In the video, the hydrostatic skeletons inspired gripper is able to grasp a cup and hold it. Initially, the gripper is very soft, allowing it to mould around the object, but as the grasping progresses it passively becomes more rigid which permits a stable holding of the cup.

INTRO - Initial Training Network

This work is part of the INteractive RObotics research network, also known as the INTRO project, a 4-year EU funded Initial Training Network (ITN) in the Marie-Curie People Programme (FP7) that aims to create a new generation of robotic researchers with a broad understanding of the research and technologies needed to build intelligent robots that function in close interaction with humans in unstructured, changing “real word” conditions. Despite intensive R&D efforts in robotics, autonomous robots can still not perform reliably in unknown, dynamic, and populated environments. Current robotic systems perform well only when all conditions are known and well defined. This drawback currently limits the commercial application of robots. To expand robotics applications into real-world environments, the robots must be constructed for a large variety of tasks and be able to adapt continuously to new and changing working conditions.

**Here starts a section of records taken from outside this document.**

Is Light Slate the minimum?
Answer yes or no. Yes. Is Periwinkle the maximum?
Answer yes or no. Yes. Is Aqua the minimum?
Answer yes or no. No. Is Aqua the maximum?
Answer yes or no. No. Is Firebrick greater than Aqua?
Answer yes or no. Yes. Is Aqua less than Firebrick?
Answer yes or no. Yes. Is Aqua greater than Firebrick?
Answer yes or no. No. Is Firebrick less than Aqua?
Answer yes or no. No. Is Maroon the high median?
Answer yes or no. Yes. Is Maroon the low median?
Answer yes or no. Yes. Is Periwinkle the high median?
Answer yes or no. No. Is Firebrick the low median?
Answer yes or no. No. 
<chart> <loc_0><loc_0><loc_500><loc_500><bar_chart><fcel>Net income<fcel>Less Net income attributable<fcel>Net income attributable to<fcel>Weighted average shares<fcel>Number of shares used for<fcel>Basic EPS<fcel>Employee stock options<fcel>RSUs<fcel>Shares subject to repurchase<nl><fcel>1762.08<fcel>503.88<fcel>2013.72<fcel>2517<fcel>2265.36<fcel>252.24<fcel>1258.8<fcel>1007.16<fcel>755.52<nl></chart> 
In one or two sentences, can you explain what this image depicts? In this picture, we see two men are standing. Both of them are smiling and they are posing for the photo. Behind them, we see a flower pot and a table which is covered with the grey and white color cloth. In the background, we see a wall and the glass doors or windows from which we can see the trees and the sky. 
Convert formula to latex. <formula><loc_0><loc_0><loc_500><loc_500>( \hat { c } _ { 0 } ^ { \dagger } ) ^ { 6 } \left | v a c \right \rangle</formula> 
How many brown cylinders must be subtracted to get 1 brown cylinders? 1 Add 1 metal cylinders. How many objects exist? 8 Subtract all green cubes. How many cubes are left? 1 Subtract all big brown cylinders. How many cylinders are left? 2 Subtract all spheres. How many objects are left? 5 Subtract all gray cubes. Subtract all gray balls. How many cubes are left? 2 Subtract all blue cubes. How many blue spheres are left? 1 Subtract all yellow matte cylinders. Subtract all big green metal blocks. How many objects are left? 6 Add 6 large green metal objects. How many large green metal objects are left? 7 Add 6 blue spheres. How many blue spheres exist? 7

The robot must be delivered with advanced capabilities to learn new tasks and new working conditions from its new user in its new environment. Safety is a critical issue that must be realised before a robot enters everyday human populated environments. The robot must avoid hurting any human and should also prevent damage to itself if and when it receives incorrect human advice. To advance robotics into new domains, such as consumer, service, home and entertainment applications, varying forms of interaction between humans and robots are required; it is these interactions—under the general term of Interactive Robotics—that constitute the overall research theme of the INTRO proposal. The specific research objectives are to improve robots’ capabilities by combining human and robot experience and to provide robots with cognitive and multi-modal interaction abilities.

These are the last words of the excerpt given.